Microsoft Earnings Jump on Pandemic-Driven Cloud, Videogame Demand – Wall Street Journal, 1/27/2021
- Microsoft posted record quarterly sales underpinned by pandemic-fueled demand for videogames and accelerated adoption of its cloud-computing services during the health crisis.
- The software giant said its fiscal second-quarter net income rose more than 30% to $15.5 billion.
- Sales advanced 17% to $43.1 billion.
- Those figures beat Wall Street’s expectation of net income of $12.6 billion and sales of $40.2 billion, according to FactSet.
- Azure sales increased 50% in the most quarter ended Dec. 31, compared with a 48% rise for the prior three-month period.

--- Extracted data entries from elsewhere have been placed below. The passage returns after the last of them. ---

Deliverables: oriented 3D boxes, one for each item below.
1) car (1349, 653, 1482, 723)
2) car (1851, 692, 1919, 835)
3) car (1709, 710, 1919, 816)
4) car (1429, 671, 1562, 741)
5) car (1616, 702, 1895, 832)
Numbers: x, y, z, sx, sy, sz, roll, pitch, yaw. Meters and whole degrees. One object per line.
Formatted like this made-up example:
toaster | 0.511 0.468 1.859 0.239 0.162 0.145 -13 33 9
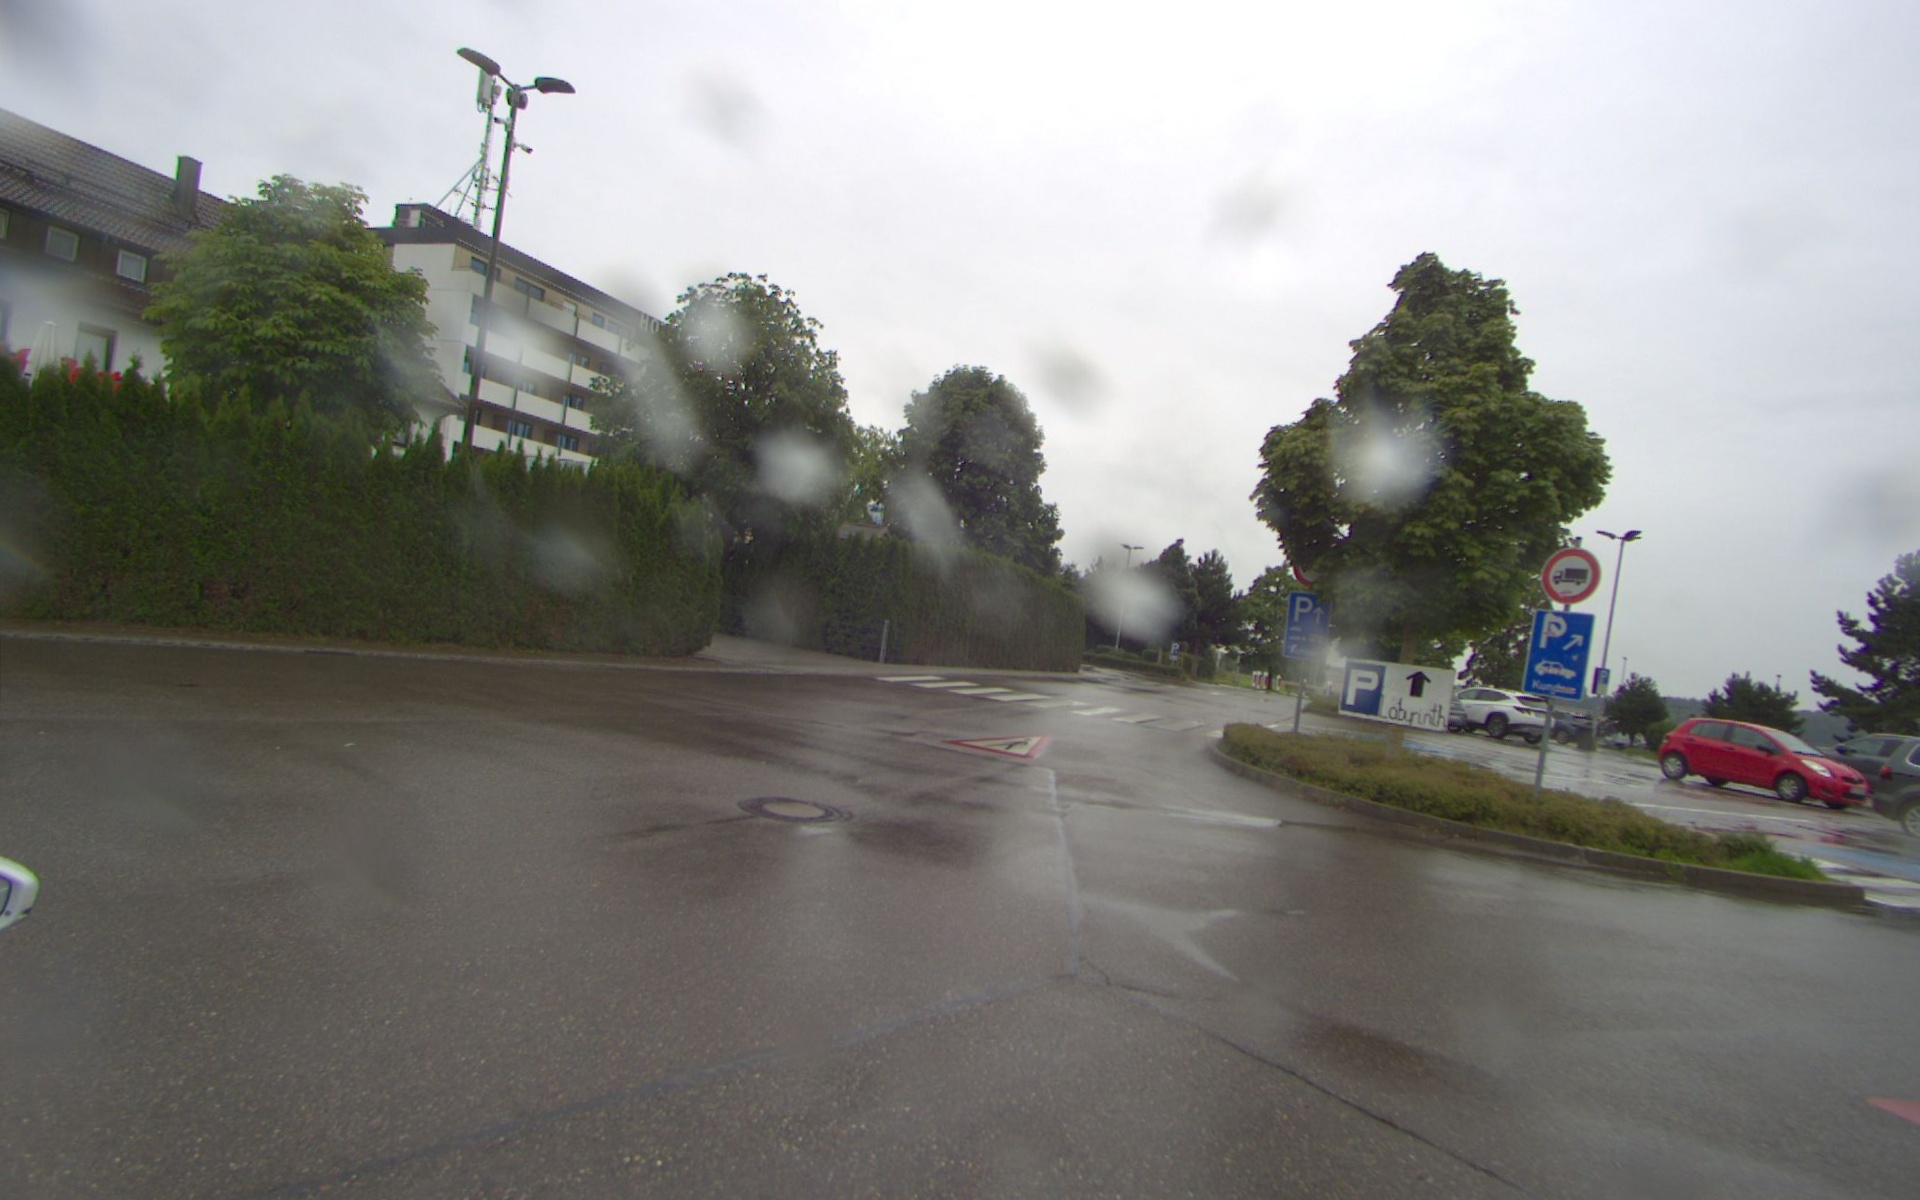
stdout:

- Xbox content and services revenue increased 40% in the latest quarter, aided by the November release of two new gaming consoles, Xbox Series X and S, to battle Sony’s PlayStation 5. Overall gaming revenue was up 51%.
- Microsoft said revenue in the business segment that includes videogame and laptop activities rose to $15.1 billion, topping even the $14.6 billion its cloud-segment delivered.
- Microsoft saw continued strength in its Surface laptop business, with revenue rising 3% as the work-from-home period drags on. The increase, though, didn’t match the supercharged 37% sales gain in the prior quarter.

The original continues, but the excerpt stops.